At each section, <span style="color:green"> (xx points) </span> indicates the number of points of the entire section (labs are graded out of 10).

## <span style="color:green"> 1. Help on Theory </span>
This part is only meant to be read and is **optional**. It will hopefully give some understanding of the expectations that come up all the time in Dynamic Programming. 

### <span style="color:green"> 1.1. Trajectories and Expectations</span>
*Optional read. This paragraph aims at clarifying why the expectations show up everywhere in the formulas, and what they mean intuitively. If you're interested, give it a read!*

At the heart of Reinforcement Learning is the idea of interactions between Agent and Environment. These interactions give rise to a **trajectory** of 3 alternating elements: state, action, reward; and the next state to repeat the process. A trajectory is therefore 
$$ \tau = \left( S_0, A_0, R_1, S_1, A_1, R_2, S_2... \right) $$
It is crucial to understand that a trajectory is generated by two distributions - from $S_t$ to $A_t$ sampling from the Agent's policy $\pi$, and from $S_t,A_t$ to $R_{t+1},S_{t+1}$ sampling from the Environment's dynamics $p$.

The intuitive goal of RL is to maximize the sum of rewards $\sum_t R_t$ obtained during the trajectory, this is the *return* $G_t$ (starting from some step $t$ and summing over the future steps $t^\prime$). This process is **very chaotic**. We are alternatively and iteratively sampling from two different arbitrary distributions. Therefore, we rather want to maximize the *expected* return.
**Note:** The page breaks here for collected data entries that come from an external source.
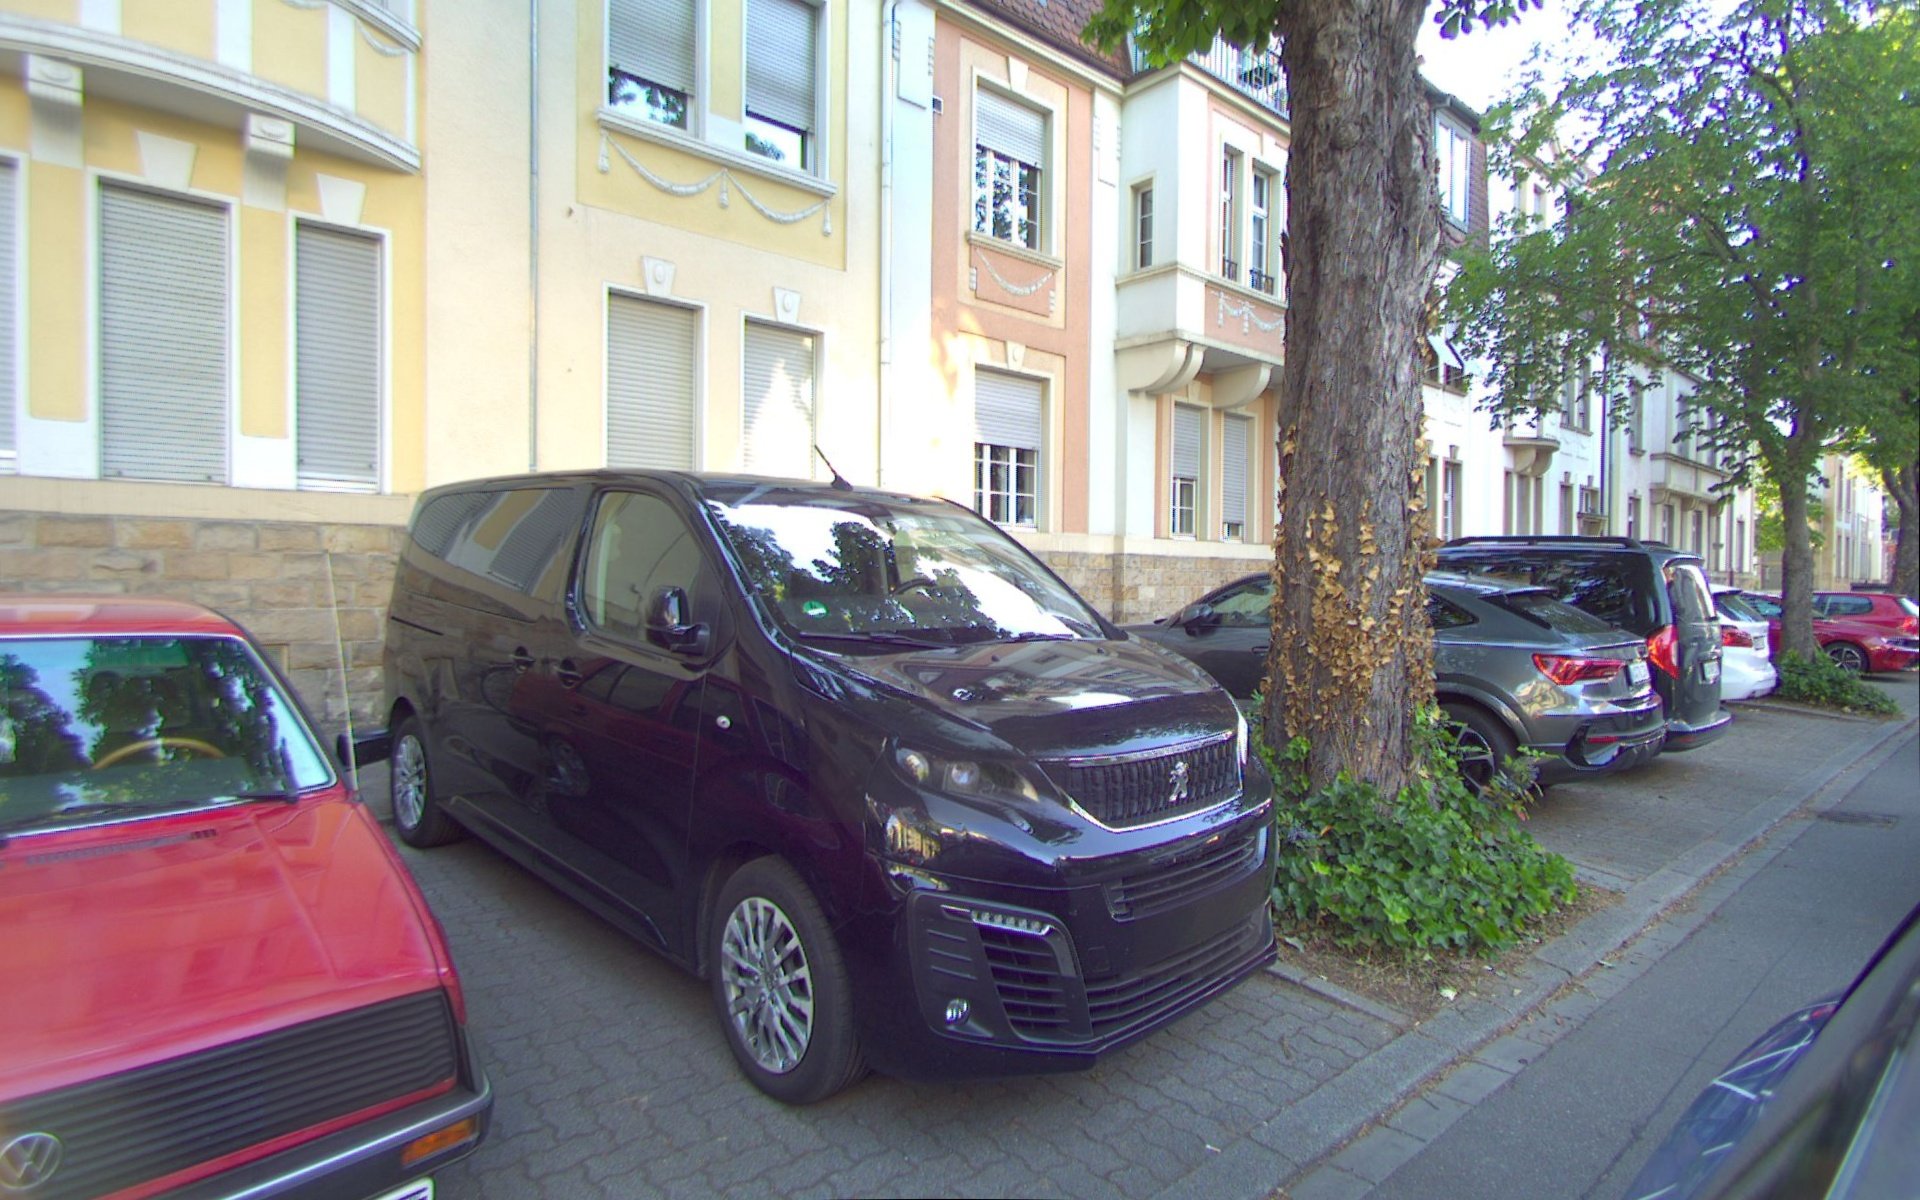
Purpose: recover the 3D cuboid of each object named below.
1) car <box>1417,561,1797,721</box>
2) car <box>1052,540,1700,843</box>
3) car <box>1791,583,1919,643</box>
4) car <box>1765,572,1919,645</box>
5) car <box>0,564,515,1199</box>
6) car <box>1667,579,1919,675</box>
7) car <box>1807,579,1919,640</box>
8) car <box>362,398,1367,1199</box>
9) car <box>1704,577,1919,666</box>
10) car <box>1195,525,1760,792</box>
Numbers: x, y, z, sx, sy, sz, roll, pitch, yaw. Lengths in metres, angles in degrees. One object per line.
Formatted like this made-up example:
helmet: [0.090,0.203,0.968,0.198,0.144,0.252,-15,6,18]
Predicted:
car: [7.738,0.369,12.327,1.513,1.569,3.616,-1,3,-45]
car: [2.793,0.397,7.539,1.569,1.611,4.165,-1,4,-44]
car: [23.951,0.334,26.127,1.511,1.420,3.621,0,2,-40]
car: [21.644,0.181,24.099,1.511,1.584,3.621,0,2,-40]
car: [-2.788,0.614,2.983,1.532,1.336,3.917,-1,4,-43]
car: [14.984,0.400,18.037,1.511,1.420,3.621,0,3,-40]
car: [25.950,0.252,27.992,1.511,1.584,3.621,0,2,-40]
car: [-0.970,0.351,4.539,1.851,1.846,4.825,-1,4,-44]
car: [16.885,0.371,19.678,1.511,1.482,3.621,0,3,-40]
car: [4.346,0.283,9.025,1.569,1.849,4.165,-1,4,-44]

The intuition is that "you can not always get the best results (imagine the environment is "playing poker"), so we focus on doing the best possible on average". The discount does not change the intuition.
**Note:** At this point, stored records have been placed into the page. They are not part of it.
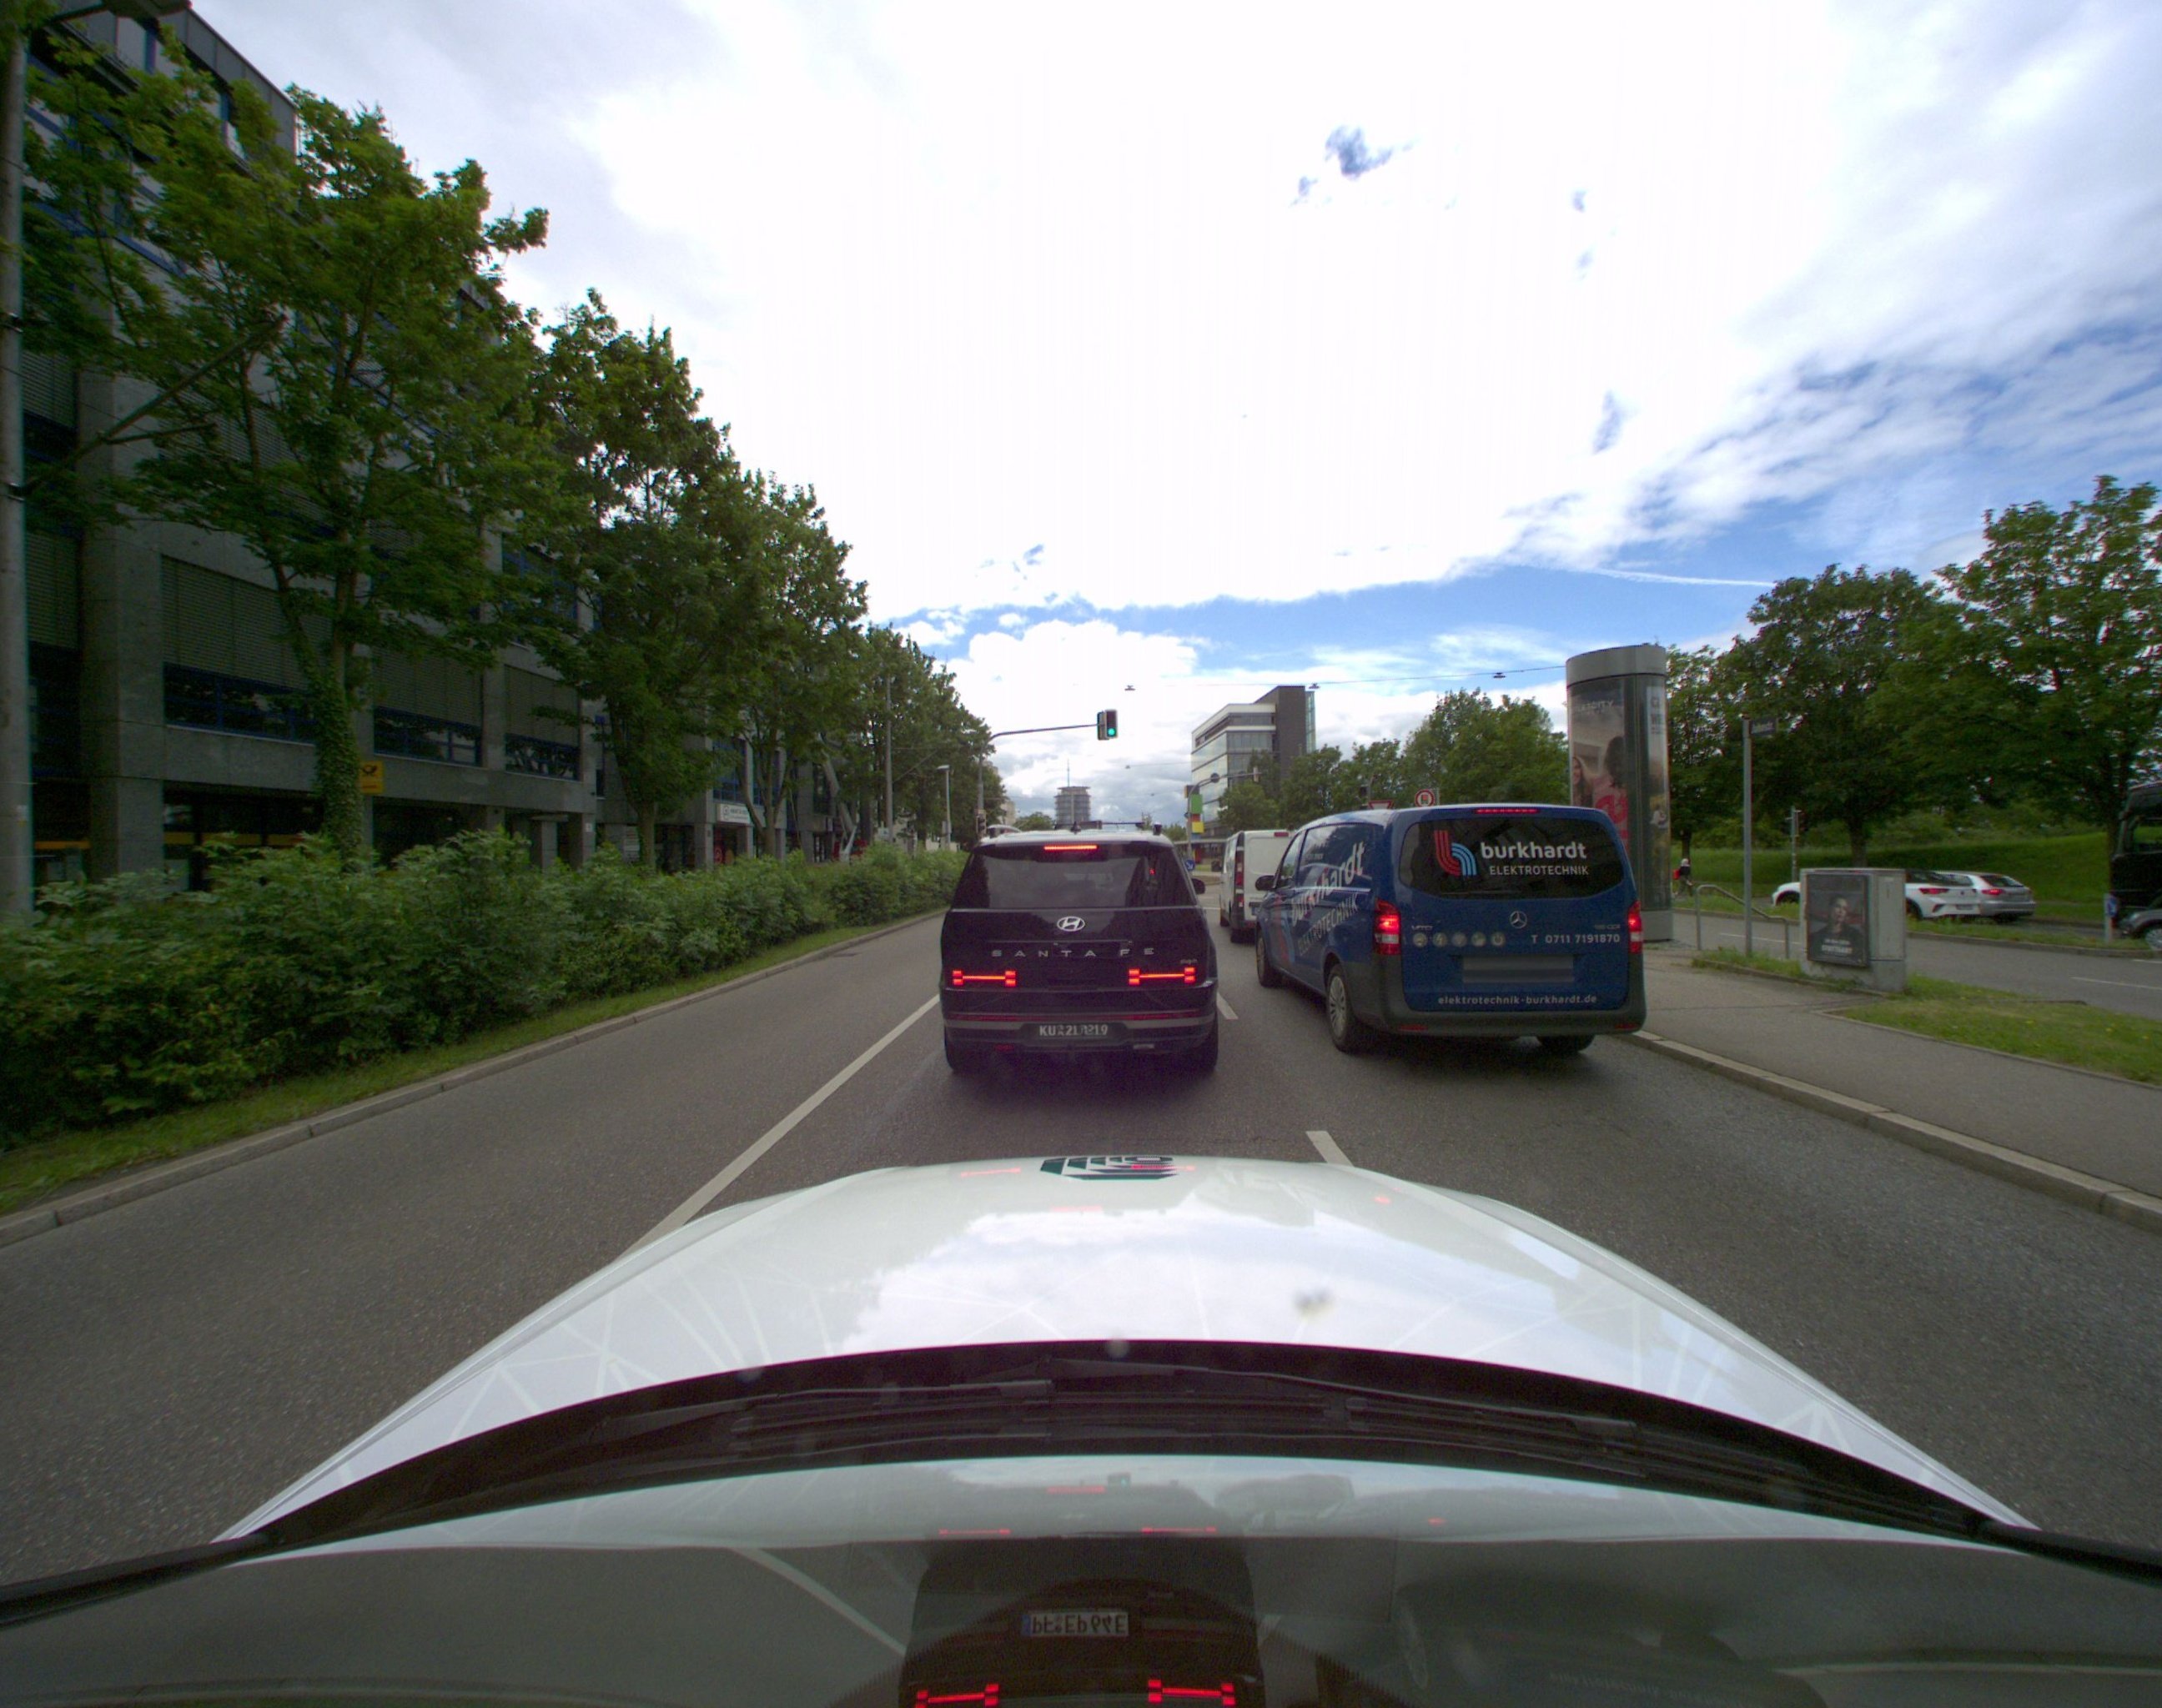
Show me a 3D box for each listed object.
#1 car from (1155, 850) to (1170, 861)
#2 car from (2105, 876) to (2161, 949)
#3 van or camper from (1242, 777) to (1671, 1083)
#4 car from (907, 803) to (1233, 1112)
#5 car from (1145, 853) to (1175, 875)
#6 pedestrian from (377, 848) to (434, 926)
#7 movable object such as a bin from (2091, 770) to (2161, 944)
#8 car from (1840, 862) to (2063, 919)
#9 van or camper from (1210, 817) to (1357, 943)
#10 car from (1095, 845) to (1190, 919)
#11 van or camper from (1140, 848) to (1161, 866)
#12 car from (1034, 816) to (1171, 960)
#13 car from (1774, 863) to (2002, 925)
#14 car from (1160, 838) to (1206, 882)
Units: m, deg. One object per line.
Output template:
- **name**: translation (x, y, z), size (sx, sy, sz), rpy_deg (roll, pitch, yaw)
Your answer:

The expectations we take are therefore *over the trajectory*, or in other words, *over the alternating samplings from $\pi$ and $p$*. A notation for that is $$\mathbb{E}_{\pi,p}\left[ \cdot \right]$$
Since we have no control over the dynamics $p$, we usually simplify this expression to $\mathbb{E}_{\pi}\left[ \cdot \right]$ to only what we will be changing and optimizing. However, it is important to realize that this expectation also depends on the dynamics $p$.

Hopefully this demystifies a bit the formulas, which can quickly look scary.

### <span style="color:green"> 1.2. One-step Expectations in Bellman Backups </span> 
*Optional read. This paragraph now aims at clarifying the one-step-ahead expectations that come up in most of the Bellman equations*.

You have seen in the course that the core idea of all Bellman equations is the observation that $G_t = R_{t+1} + \gamma G_{t+1}$. The discounted return at this step is a simple function of the reward you will get, and the next return. However, how do we use this fact practically?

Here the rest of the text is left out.